(Items from a dataset)
────
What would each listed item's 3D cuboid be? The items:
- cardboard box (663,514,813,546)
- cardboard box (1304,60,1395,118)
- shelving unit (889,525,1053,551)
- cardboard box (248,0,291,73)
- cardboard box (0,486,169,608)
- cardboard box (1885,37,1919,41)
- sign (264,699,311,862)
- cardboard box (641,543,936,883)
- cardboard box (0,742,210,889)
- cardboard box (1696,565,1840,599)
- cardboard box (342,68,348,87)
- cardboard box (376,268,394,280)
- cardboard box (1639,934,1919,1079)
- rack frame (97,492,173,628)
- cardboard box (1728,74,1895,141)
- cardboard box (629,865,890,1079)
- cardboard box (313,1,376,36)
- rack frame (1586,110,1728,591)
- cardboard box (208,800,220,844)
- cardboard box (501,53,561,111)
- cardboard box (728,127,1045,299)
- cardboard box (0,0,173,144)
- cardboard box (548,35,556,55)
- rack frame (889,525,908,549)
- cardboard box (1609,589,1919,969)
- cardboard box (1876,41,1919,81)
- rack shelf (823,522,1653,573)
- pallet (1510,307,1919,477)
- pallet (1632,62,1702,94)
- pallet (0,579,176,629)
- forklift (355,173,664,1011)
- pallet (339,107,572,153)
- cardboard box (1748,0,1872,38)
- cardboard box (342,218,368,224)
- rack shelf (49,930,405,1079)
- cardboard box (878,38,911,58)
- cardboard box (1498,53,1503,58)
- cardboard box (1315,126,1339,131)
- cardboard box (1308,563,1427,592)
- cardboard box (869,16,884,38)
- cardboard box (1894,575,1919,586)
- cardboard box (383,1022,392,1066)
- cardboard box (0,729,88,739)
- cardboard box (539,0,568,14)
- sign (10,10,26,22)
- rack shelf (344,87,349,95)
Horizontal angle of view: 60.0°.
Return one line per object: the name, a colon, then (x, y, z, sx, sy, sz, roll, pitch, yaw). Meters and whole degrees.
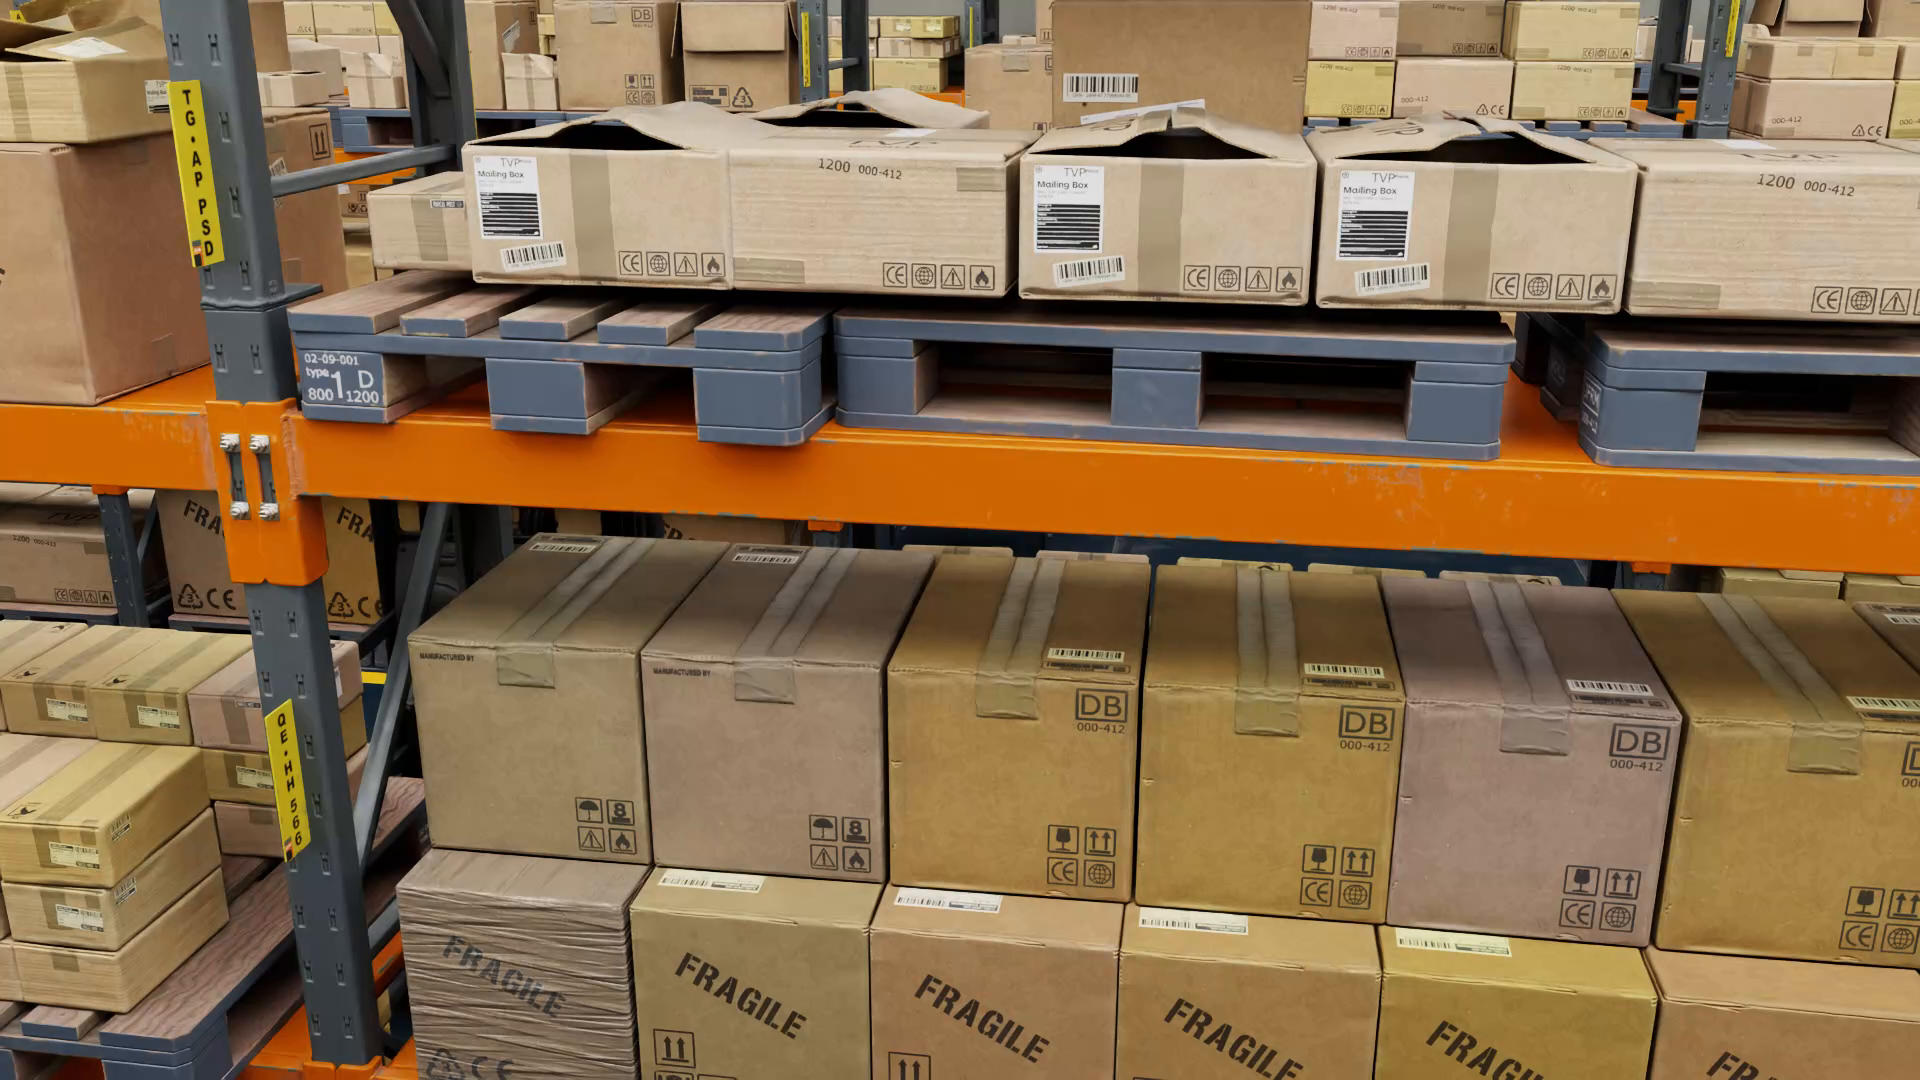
────
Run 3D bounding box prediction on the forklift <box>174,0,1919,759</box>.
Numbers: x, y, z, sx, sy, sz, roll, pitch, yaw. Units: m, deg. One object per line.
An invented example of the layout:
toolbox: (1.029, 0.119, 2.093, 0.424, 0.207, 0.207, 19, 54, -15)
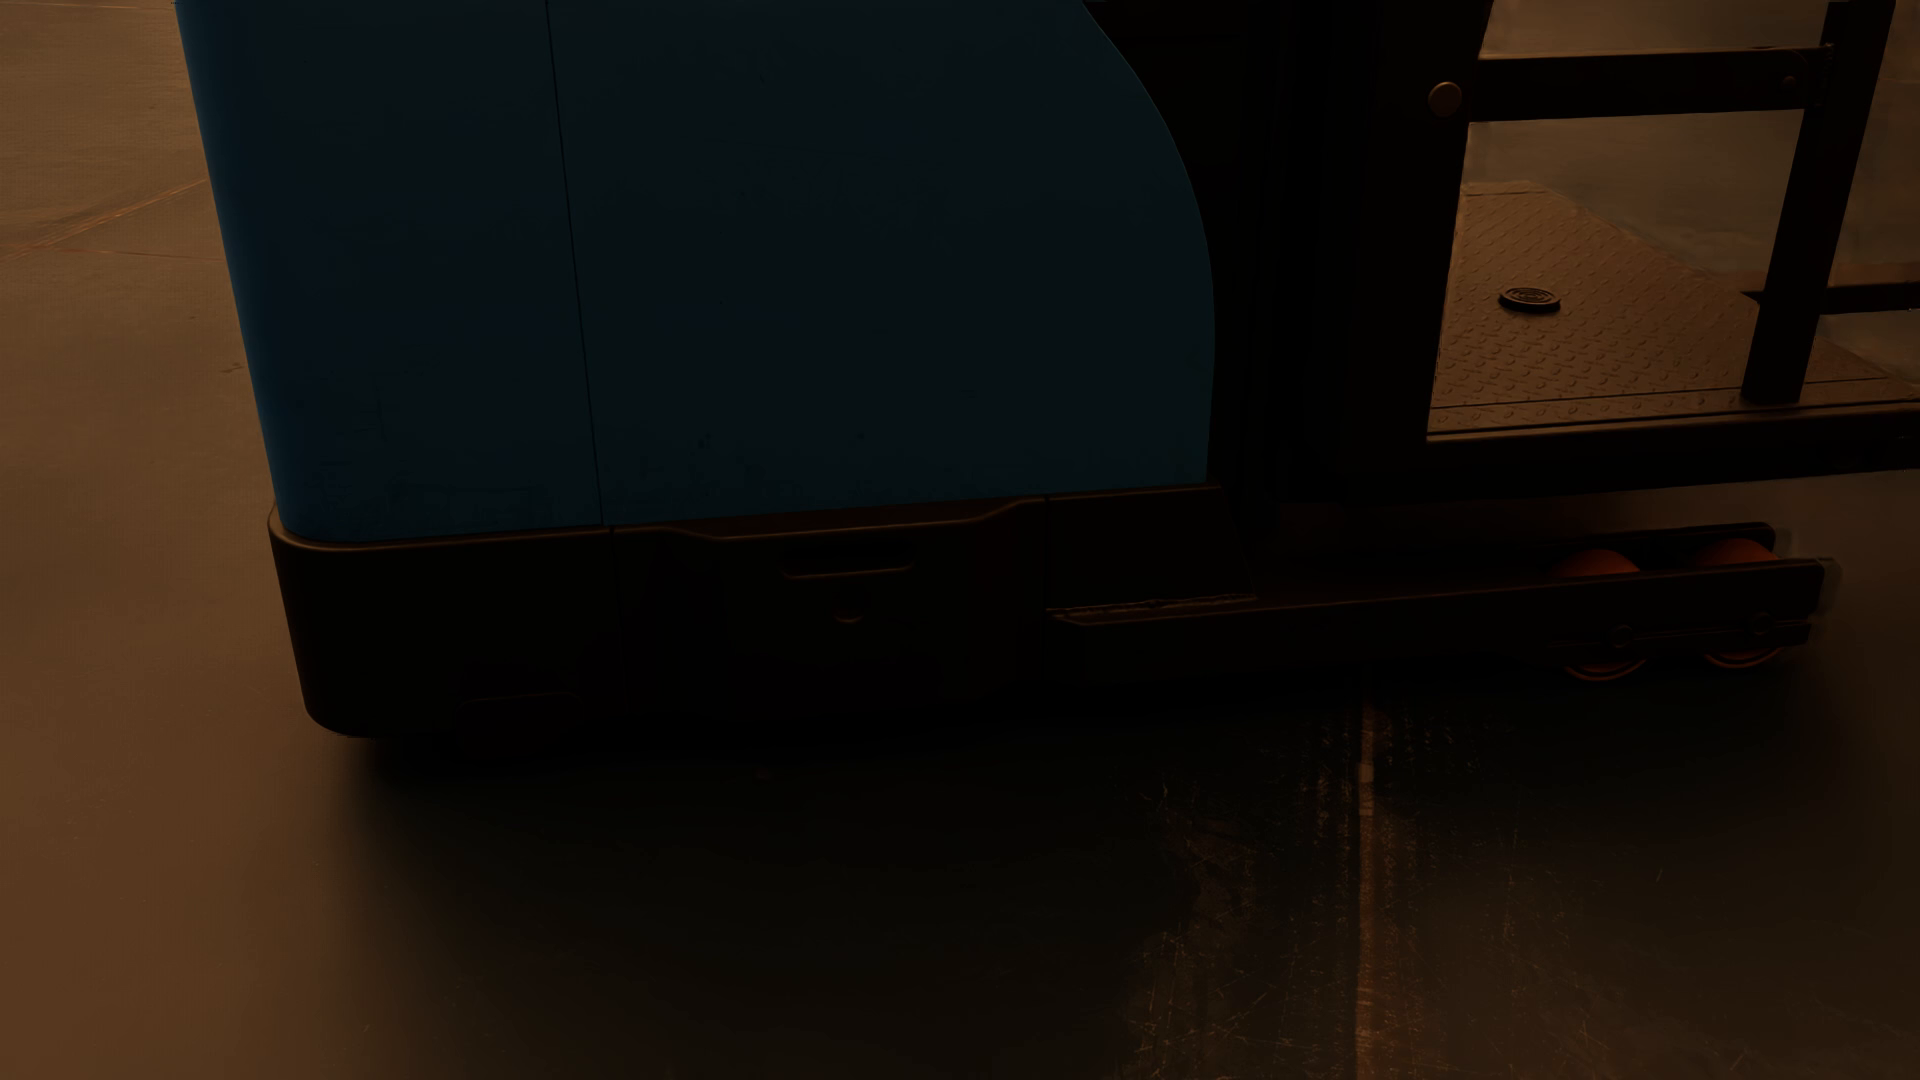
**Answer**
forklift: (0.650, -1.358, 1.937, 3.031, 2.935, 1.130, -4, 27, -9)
────
** Exercise details **
The required answer is each line of the entries containing the string "pitch".

** Task answer **
Return one line per object: the name, a colon, then (x, y, z, sx, sy, sz, roll, pitch, yaw). Meters and whole degrees.
Numbers: x, y, z, sx, sy, sz, roll, pitch, yaw. Units: m, deg. One object per line.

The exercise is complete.